**WHAT YOU SHOULD DO**
Please copy out each line of the listing that contains the word "with".

**DATA SECTION**
_ _ _ _ _ _ _

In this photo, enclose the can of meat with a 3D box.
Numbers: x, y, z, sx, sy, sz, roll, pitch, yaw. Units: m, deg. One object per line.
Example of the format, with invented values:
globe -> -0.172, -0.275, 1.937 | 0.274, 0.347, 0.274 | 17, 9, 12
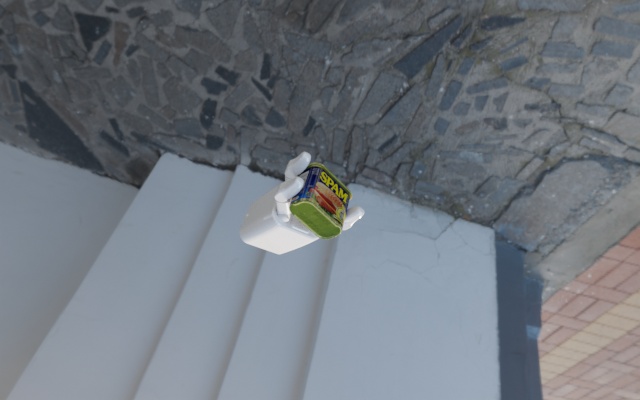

_ _ _ _ _ _ _

**ANSWER BOX**
In this photo, enclose the can of meat with a 3D box.
Example of the format, with invented values:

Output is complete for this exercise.